A few more questions if you'll indulge me. First, how do you actually install ZFS on Debian? I understand you can install the ZFS package, but that in and of itself won't change the underlying filesystem on disk. Also, doesn't Ext4 also support checksumming? (See https://ext4.wiki.kernel.org/index.php/Ext4_Metadata_Checksu...).


Well, yes. You can't just convert filesystems in place, whether ZFS or otherwise. After installing the package you can create ZFS pools and filesystems. If you want to replace existing filesystems you would move all your stuff over after the fact.

Booting from ZFS will require some extra steps. I actually cheated here and just left /boot and / on ext4, using ZFS for /usr, /home, /var and everything else, so I don't have firsthand experience with this (on Linux anyway, on FreeBSD you can just select ZFS during installation). But if you do want that, it doesn't seem too difficult, https://openzfs.github.io/openzfs-docs/Getting%20Started/Deb...

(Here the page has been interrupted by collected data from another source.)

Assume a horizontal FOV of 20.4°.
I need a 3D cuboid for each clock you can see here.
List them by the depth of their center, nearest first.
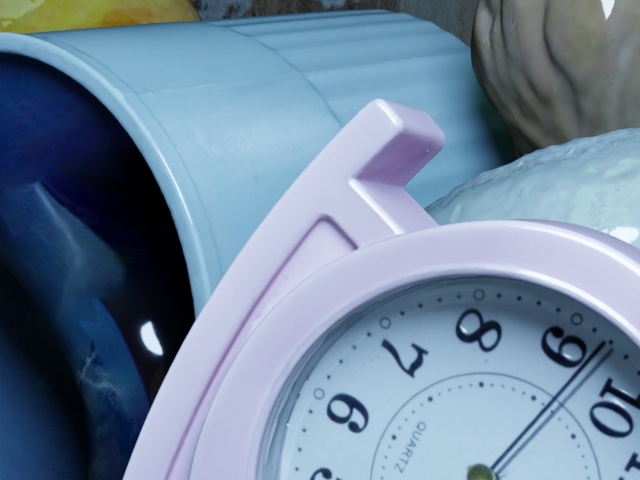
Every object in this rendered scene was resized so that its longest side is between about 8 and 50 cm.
[{"bbox_3d":[0.055,0.138,0.618,0.275,0.290,0.080,32,7,13],"label":"clock"}]

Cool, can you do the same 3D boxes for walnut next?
[{"bbox_3d":[0.208,-0.098,0.941,0.227,0.273,0.273,23,25,38],"label":"walnut"}]

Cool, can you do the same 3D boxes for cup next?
[{"bbox_3d":[-0.053,0.035,0.997,0.257,0.331,0.311,17,21,36],"label":"cup"}]

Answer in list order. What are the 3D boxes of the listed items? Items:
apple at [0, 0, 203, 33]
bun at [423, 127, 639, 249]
[{"bbox_3d":[-0.264,-0.064,1.339,0.400,0.400,0.333,6,18,34],"label":"apple"},{"bbox_3d":[0.150,0.096,0.800,0.354,0.194,0.354,-5,-31,-3],"label":"bun"}]
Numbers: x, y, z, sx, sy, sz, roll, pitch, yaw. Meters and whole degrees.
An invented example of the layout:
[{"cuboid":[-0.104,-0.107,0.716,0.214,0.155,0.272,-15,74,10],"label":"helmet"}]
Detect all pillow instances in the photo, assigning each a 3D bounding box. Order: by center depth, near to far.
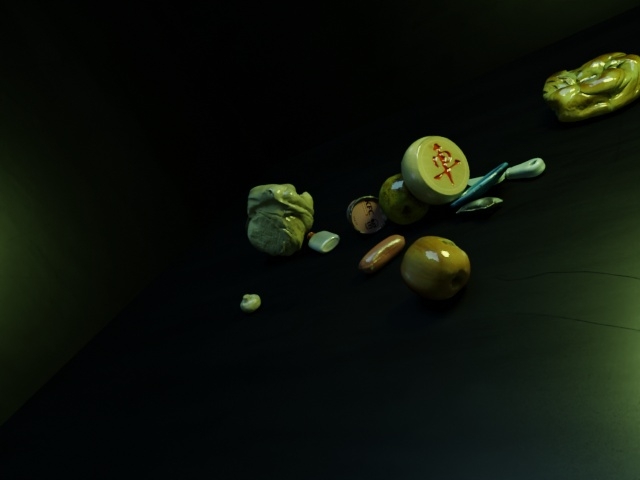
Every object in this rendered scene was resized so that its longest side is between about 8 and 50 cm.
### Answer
[{"cuboid":[0.526,-0.113,1.660,0.091,0.055,0.135,-49,23,-26],"label":"pillow"}]

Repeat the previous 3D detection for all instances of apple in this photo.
[{"cuboid":[0.315,0.076,1.360,0.199,0.199,0.199,-27,20,11],"label":"apple"}]

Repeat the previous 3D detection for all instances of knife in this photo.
[{"cuboid":[0.647,-0.226,1.801,0.331,0.044,0.080,-12,36,55],"label":"knife"}]

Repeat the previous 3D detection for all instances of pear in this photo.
[{"cuboid":[0.316,-0.165,1.878,0.197,0.197,0.197,-27,20,11],"label":"pear"}]

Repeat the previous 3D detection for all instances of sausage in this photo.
[{"cuboid":[0.210,0.046,1.715,0.194,0.077,0.077,-38,21,-19],"label":"sausage"}]

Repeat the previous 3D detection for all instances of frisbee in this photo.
[{"cuboid":[0.555,-0.181,1.740,0.242,0.045,0.242,-39,-2,-2],"label":"frisbee"}]

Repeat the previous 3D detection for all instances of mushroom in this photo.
[{"cuboid":[-0.272,0.241,1.946,0.083,0.067,0.083,-20,23,9],"label":"mushroom"}]

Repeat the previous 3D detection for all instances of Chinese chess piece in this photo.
[{"cuboid":[0.408,-0.249,1.775,0.251,0.251,0.097,-42,4,-28],"label":"Chinese chess piece"}]

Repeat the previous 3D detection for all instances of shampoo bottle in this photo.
[{"cuboid":[0.000,0.000,2.153,0.108,0.051,0.221,-38,21,-12],"label":"shampoo bottle"}]

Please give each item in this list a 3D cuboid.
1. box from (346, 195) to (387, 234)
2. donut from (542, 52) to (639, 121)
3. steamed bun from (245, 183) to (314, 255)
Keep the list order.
[{"cuboid":[0.176,-0.105,2.021,0.151,0.151,0.135,-34,12,-7],"label":"box"},{"cuboid":[1.030,-0.584,1.904,0.360,0.170,0.360,-25,20,10],"label":"donut"},{"cuboid":[-0.178,-0.104,2.243,0.325,0.372,0.230,19,35,27],"label":"steamed bun"}]

As far as ext4 checksumming, as your own link says, it only checksums metadata -- actually, a subset of the metadata apparently. ZFS checksums everything, meaning your actual data. Further, since ext4 is not aware of redundancy -- you'd be using lvm or mdraid for that -- it's not clear what it can do if it does detect an error. With ZFS these errors are fixed automatically.